**WHAT IS NEEDED**
Among the lines of the records, count those containing the word "roll", then give the number alone.

Records from a dataset:
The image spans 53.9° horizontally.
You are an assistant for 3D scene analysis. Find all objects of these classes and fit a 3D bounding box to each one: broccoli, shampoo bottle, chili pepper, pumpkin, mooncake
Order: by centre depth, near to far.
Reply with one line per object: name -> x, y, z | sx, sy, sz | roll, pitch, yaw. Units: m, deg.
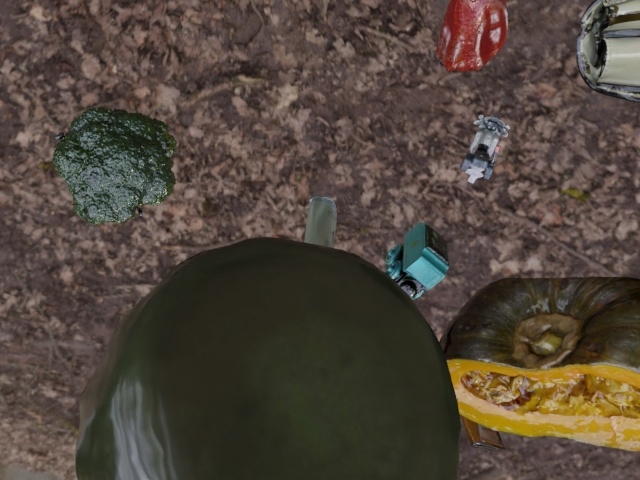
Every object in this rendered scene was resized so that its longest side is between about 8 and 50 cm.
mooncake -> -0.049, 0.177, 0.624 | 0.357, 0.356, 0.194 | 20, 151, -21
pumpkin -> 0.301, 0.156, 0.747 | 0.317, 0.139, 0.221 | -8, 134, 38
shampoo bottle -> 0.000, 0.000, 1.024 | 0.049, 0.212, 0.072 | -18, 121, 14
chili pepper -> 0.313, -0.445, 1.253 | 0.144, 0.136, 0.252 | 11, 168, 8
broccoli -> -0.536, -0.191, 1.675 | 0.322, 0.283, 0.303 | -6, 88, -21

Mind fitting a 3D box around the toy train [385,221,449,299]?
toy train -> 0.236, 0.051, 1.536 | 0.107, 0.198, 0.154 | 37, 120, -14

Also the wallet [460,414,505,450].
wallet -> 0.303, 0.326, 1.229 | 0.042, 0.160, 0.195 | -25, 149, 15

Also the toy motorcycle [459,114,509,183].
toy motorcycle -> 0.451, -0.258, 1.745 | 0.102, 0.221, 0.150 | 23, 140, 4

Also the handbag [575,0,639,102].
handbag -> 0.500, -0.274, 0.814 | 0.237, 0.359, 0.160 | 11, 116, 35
---
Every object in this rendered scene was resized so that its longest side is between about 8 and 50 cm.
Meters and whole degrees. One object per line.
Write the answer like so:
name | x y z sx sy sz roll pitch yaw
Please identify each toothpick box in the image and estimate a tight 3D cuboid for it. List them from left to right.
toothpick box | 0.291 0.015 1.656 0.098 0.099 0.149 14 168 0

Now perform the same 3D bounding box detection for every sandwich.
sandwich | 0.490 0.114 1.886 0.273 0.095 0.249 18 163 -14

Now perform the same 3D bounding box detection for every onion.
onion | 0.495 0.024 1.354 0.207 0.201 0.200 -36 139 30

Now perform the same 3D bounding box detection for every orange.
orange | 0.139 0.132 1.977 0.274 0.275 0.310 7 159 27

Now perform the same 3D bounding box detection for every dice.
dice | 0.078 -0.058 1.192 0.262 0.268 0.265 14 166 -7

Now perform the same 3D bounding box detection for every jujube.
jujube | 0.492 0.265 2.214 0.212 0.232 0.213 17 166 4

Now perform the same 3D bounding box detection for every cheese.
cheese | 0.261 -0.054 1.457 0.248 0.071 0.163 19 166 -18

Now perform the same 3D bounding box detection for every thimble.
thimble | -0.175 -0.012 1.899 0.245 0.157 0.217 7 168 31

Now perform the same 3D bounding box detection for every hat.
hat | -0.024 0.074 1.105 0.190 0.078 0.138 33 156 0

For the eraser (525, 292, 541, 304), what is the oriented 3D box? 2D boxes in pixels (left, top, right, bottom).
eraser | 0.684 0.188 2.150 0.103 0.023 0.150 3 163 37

**ANSWER**
2